Kamis, 24 September 2009

plug and play

Plug and Play
Orientasi baru mahasiswa indonesia

Setiap manusia pasti butuh identitas. Tanpa identitas, manusia pasti akan kehilangan arah, tidak tahu dari mana ia berasal, tidak tahu apa yang harus ia perbuat, dan juga tidak tahu ia harus berakhir seperti apa. Ya, karena sebuah identitas adalah sebuah manifestasi atas sebuah terminologi yang kita kenal dengan sebutan peran.

Identitas biasanya selalu disandingkan dengan sebuah atribut atau simbol tertentu, ya, karena identitas yang sifatnya intangible harus sedikit di kongkretkan menjadi sesuatu yang tangible dalam bentuk fisik yang nyata. Jelas, agar setiap orang bisa mengetahui bahwa seseorang yang membawa sebuah identitas tertentu itu memiliki sebuah peran yang harus ia eksekusi. Seperti halnya simbol swastika terbalik dalam ideology NAZI. Dalam bukunya mein kampf, Hitler menjabarkan arti sebuah swastika terkatit dengan peran yang harus dilakukan dan dipercayai oleh seorang NAZI : "In red we see the social idea of the movement, in white the nationalistic idea, in the swastika the mission of the struggle for the victory of the Aryan man, and, by the same token, the victory of the idea of creative work, which as such always has been and always will be anti-Semitic." (pg. 496-497).

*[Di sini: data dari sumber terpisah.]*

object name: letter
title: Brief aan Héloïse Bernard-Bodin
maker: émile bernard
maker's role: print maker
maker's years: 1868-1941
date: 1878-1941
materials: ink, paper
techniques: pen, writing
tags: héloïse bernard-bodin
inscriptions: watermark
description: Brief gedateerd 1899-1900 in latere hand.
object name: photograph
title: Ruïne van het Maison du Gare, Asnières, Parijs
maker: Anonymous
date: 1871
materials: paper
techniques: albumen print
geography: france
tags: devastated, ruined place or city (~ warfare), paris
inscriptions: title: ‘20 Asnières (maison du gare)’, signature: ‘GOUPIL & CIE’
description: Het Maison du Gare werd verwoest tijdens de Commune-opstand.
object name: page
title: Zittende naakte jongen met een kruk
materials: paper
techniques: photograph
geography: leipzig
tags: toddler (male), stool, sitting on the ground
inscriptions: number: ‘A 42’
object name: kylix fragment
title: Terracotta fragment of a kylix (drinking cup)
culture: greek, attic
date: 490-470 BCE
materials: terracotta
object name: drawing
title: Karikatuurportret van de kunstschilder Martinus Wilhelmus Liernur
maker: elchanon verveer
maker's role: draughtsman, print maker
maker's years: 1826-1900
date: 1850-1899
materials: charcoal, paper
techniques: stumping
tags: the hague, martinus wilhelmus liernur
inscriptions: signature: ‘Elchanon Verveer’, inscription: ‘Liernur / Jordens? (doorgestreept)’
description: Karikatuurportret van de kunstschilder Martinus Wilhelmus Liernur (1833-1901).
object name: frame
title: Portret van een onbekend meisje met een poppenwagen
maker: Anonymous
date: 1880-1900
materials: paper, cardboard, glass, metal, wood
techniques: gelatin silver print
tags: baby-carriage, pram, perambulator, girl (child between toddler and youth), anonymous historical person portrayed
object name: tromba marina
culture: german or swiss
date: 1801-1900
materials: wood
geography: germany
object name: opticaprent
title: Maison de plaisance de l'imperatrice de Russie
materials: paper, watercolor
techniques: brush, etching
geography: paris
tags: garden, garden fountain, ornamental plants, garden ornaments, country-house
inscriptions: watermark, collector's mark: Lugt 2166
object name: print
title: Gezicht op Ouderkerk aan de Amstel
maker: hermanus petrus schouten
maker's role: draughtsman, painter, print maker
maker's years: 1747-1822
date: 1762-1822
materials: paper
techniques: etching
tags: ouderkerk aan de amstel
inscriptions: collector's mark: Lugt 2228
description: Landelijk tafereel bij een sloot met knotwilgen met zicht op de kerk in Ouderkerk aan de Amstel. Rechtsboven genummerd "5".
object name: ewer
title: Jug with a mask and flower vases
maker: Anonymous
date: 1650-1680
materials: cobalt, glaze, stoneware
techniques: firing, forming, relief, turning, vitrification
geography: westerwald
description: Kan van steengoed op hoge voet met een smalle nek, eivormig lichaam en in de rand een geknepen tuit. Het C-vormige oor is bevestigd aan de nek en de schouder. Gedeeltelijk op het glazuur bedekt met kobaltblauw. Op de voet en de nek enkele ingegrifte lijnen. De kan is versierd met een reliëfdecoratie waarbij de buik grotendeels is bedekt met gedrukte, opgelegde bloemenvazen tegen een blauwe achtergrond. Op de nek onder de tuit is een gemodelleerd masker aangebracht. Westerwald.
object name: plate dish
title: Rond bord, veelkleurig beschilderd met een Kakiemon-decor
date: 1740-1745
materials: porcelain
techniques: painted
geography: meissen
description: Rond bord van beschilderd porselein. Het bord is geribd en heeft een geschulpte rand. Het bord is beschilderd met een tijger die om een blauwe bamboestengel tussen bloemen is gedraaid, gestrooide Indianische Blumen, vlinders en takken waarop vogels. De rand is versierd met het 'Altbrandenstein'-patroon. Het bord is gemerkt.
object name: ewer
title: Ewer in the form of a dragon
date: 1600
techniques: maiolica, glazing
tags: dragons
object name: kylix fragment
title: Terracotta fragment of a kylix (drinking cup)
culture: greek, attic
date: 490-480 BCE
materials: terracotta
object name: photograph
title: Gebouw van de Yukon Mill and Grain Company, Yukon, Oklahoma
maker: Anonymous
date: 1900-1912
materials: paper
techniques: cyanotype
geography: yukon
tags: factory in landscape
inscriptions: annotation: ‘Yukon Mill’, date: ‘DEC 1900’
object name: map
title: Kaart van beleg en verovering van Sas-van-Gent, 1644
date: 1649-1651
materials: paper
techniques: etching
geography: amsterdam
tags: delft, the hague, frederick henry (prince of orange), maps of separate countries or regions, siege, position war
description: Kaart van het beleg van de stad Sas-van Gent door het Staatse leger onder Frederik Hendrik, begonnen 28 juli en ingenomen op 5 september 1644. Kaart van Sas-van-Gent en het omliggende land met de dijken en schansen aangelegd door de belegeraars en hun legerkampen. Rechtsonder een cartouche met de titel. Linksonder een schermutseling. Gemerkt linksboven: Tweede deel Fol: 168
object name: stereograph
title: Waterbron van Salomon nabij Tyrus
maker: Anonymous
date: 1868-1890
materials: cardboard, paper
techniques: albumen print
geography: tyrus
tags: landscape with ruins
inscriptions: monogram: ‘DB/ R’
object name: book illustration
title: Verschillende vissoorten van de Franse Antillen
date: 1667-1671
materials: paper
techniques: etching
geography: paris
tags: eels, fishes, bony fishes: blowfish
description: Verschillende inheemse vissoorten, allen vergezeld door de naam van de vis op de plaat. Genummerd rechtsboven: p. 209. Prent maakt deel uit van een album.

Dengan identitas, mereka tidak akan kehilangan arah..

Urgensi atas sebuah “peran yang ditujukan” dalam bentuk sebuah atribut, sebagai manefestasi atas sebuah identitas tertentu, pasti telah dimaknai dengan sangat baik oleh para mahasiswa UI, mulai dari angkatan ’66. Dengan menggunakan jaket almamater kampus, mahasiswa UI kerap menggunakan jaket almamaternya untuk melakukan berbagai macam aktifitas kampus, termasuk ketika sedang melakukan demonstrasi. Tentu saja, “jaket kuning” yang dikenakan oleh mahasiswa UI pada saat itu bukan hanya berfungsi sebagai media pengungkapan identitas atas kapasitas intelektual yang dimilikinya, namun juga sebagai upaya pencitraan kampus UI sebagai kampus perjuangan yang pro rakyat. Dengan adanya identitas tersebut, mahsiswa UI pada –saat itu— seakan ingin berkata kepada seluruh rakyat Indonesia bahwa, “kami mahasiswa UI adalah bagian yang tidak dapat dipisahkan dari rakyat Indonesia, mengerti keinginan rakyat, dan ingin memperjuangkannya”.

Dengan identitas, mereka tidak akan kehilangan arah..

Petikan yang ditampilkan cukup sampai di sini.